-- ASSIGNED TASK --
Sift the listing for lines that hold the string "oriented" and pull them out.

-- SUPPLIED INFORMATION --

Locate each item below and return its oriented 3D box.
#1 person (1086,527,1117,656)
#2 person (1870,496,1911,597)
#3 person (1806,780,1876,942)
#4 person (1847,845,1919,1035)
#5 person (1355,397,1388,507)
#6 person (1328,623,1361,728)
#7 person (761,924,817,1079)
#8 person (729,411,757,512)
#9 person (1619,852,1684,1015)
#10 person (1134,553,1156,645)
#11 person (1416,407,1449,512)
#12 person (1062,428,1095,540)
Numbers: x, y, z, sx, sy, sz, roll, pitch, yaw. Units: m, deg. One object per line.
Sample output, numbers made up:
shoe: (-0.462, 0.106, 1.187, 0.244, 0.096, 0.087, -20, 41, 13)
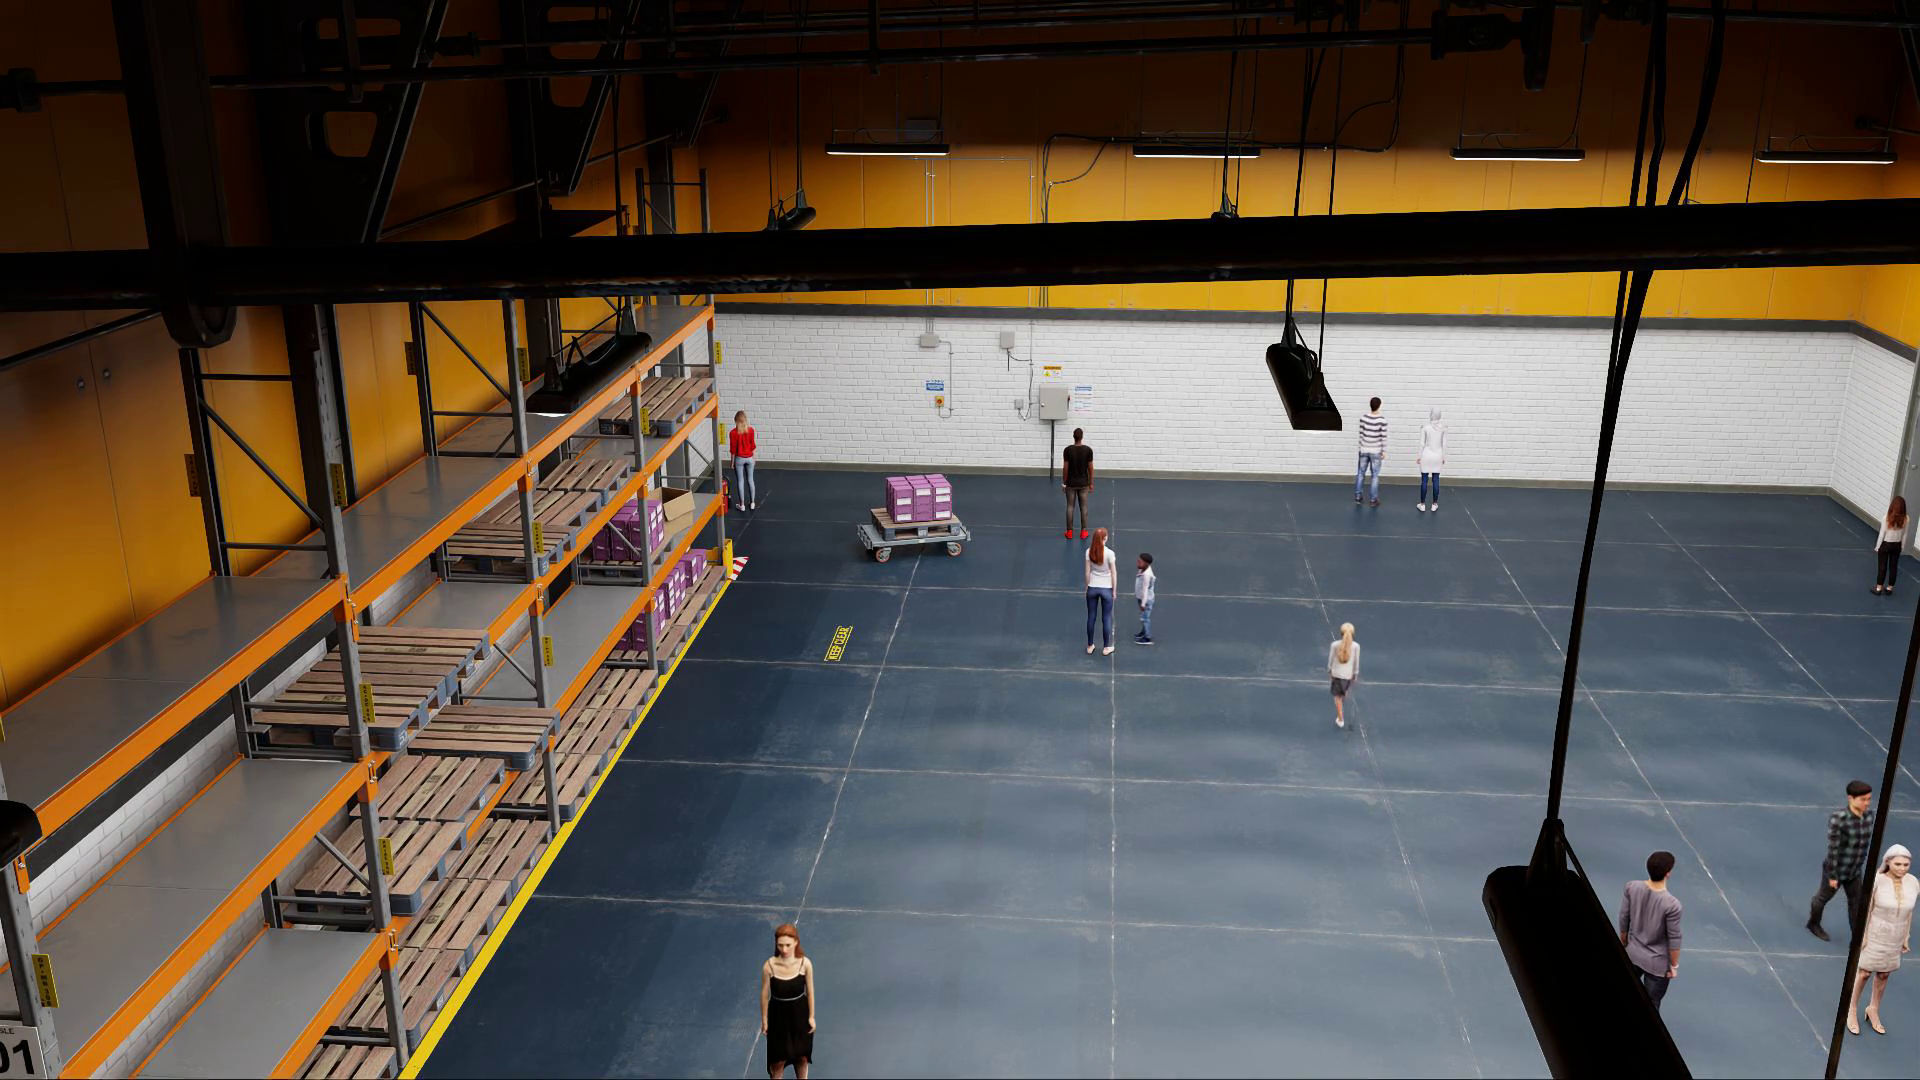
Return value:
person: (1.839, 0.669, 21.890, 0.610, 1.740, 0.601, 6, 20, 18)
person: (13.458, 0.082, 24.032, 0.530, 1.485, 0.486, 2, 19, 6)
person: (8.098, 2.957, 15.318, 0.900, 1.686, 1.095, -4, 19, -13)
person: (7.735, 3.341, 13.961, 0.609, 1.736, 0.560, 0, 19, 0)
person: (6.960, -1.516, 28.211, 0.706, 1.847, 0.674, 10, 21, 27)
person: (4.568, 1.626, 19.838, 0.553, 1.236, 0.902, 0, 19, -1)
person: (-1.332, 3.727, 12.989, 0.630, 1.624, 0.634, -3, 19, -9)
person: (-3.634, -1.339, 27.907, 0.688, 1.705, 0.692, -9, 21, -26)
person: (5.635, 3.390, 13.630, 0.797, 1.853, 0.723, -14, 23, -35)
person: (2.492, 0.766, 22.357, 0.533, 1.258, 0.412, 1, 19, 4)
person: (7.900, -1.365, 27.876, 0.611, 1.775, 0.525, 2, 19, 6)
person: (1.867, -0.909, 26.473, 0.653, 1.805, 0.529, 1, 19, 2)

* * *

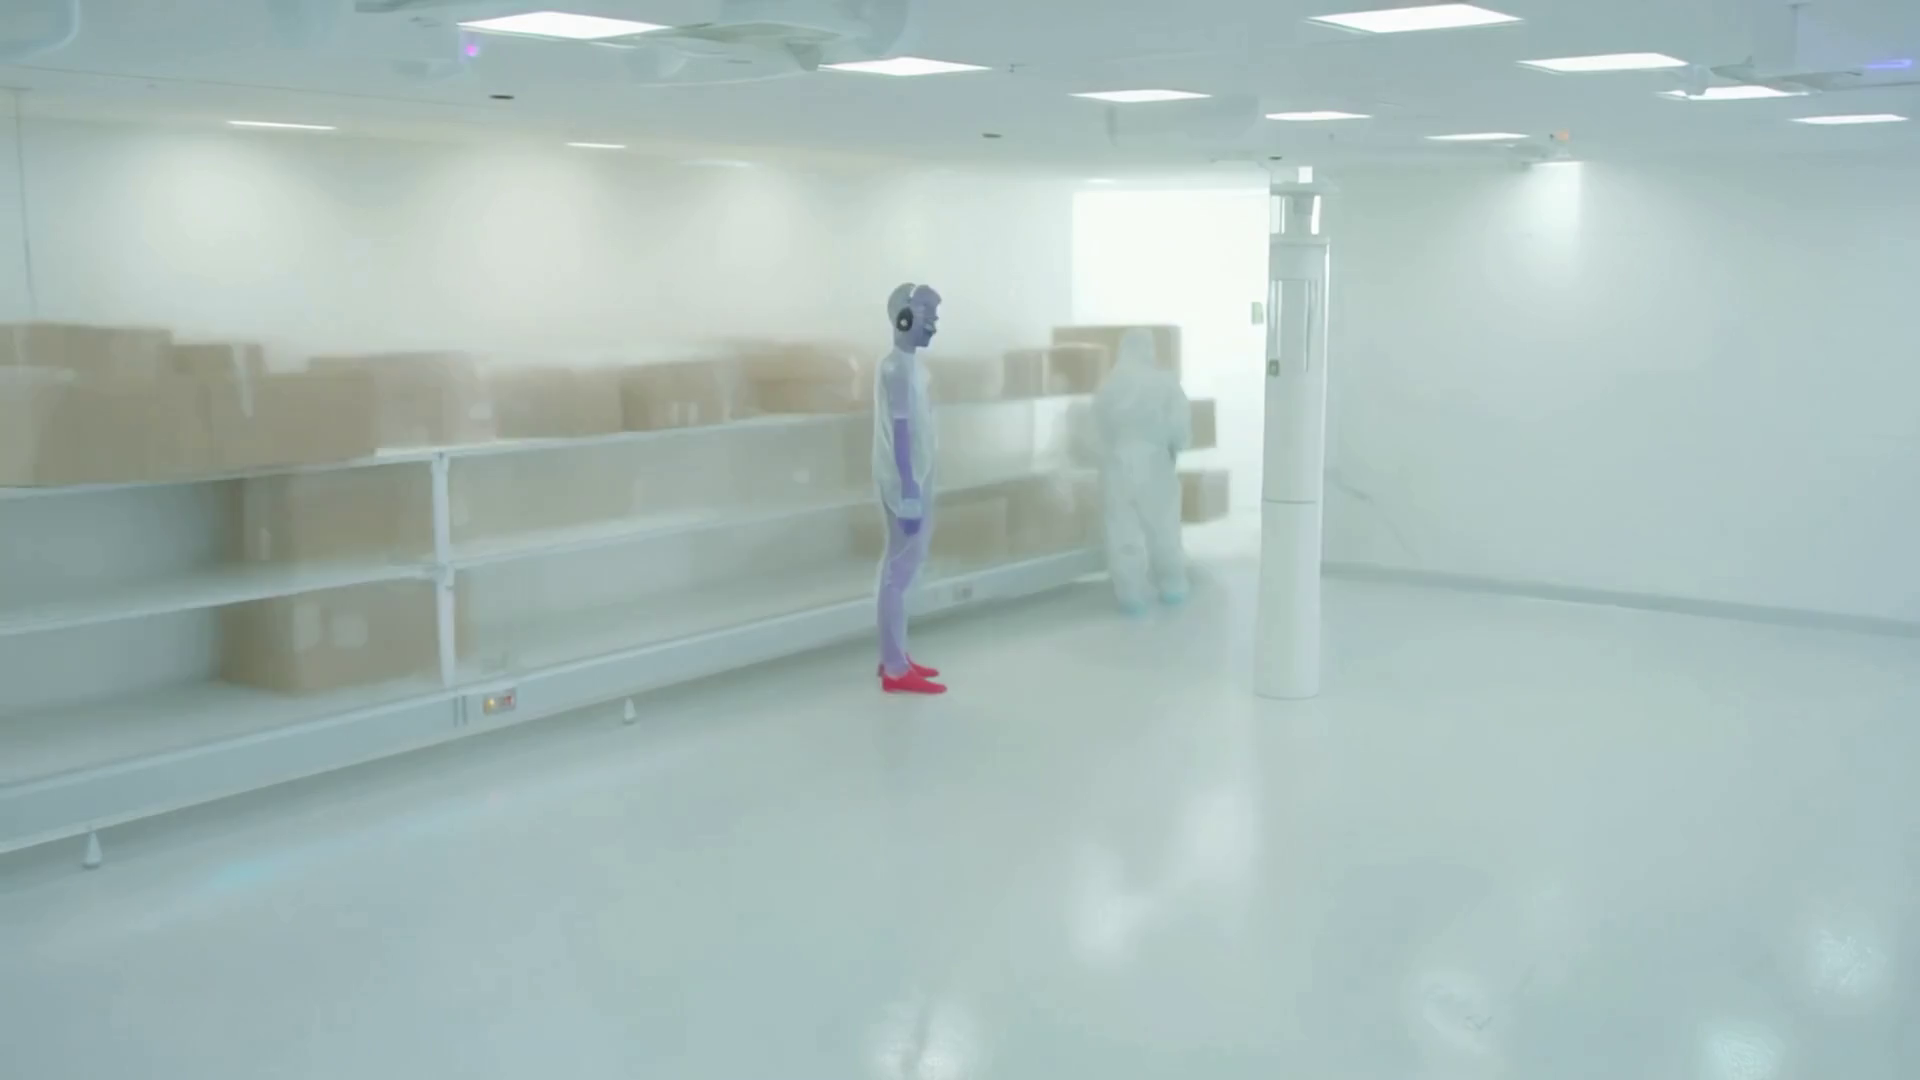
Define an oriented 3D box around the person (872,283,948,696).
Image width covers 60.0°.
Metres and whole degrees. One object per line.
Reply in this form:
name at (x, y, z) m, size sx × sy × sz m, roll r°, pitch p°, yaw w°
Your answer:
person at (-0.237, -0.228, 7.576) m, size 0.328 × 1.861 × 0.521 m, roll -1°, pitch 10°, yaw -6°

-- REPLY TO THE EXERCISE --
Locate each item below and return its oriented 3D box.
Define an oriented 3D box around the person (872,283,948,696).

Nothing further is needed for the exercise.